In the 1970s Communist-run councils throughout France routinely excluded non-European immigrants from municipal housing projects on the grounds that their numbers had to be kept below what was called a ‘threshold of tolerance’. The most notorious incident took place on Christmas Eve 1980. Paul Mercieca, the Communist Mayor of Vitry, near Paris, led a gang of 60 men, mainly PCF members and supporters, in a ‘direct action’ to stop 300 immigrants from Mali being rehoused in the town. The gang turned off the water, gas and electricity at an immigrant hostel, and used a bulldozer to smash up the building.
The PCF General Secretary, Georges Marchais, published an open letter justifying Mercieca’s ‘refusal to allow the already high number of immigrant workers in his commune to increase’. The Communists were no racists, Marchais claimed, but immigration was one of the ‘evils’ created by capitalism.

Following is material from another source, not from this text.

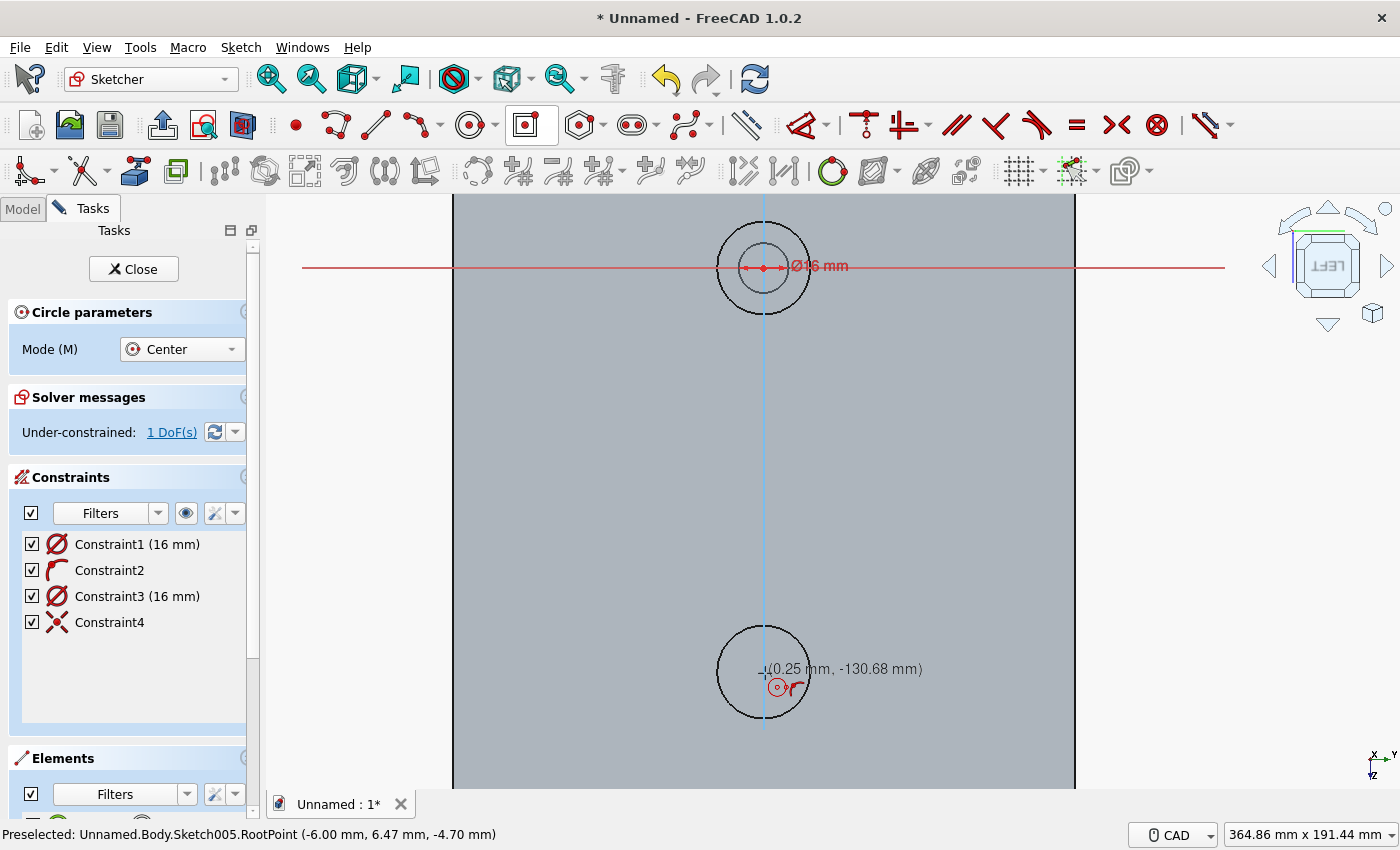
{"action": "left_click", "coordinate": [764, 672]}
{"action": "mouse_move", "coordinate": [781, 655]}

Since the 1980s, the PCF has been in terminal decline. But having so insidiously linked the problems of the working class with immigration, having given political legitimacy to bigoted notions such as the ‘threshold of tolerance’, having made acceptable discrimination in social policy, including housing allocation, the Communist Party not only cleared the ground for the Front National, but also allowed Le Pen to don the mantle of defender of working class interests. The tragedy is that what should today be a genuine progressive challenge to austerity policies and to the democratic deficit in the EU has become instead, and not just in France, primarily the property of nationalists, protectionists and racists, and the defence of working class living standards is all too often pursued in the language not of solidarity but of bigotry. Whoever wins the keys to the Élysée Palace on Sunday, that is unlikely to change.